Your task is to copy every line below that contains the word "object".

── DATA SUPPLIED

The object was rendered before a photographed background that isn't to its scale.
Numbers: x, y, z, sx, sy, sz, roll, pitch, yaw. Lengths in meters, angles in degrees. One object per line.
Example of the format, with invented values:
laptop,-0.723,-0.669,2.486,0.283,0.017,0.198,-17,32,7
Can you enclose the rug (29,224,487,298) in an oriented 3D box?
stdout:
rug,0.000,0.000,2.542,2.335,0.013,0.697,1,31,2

────

COMPLETED TASK |
The object was rendered before a photographed background that isn't to its scale.
Numbers: x, y, z, sx, sy, sz, roll, pitch, yaw. Lengths in meters, angles in degrees. One object per line.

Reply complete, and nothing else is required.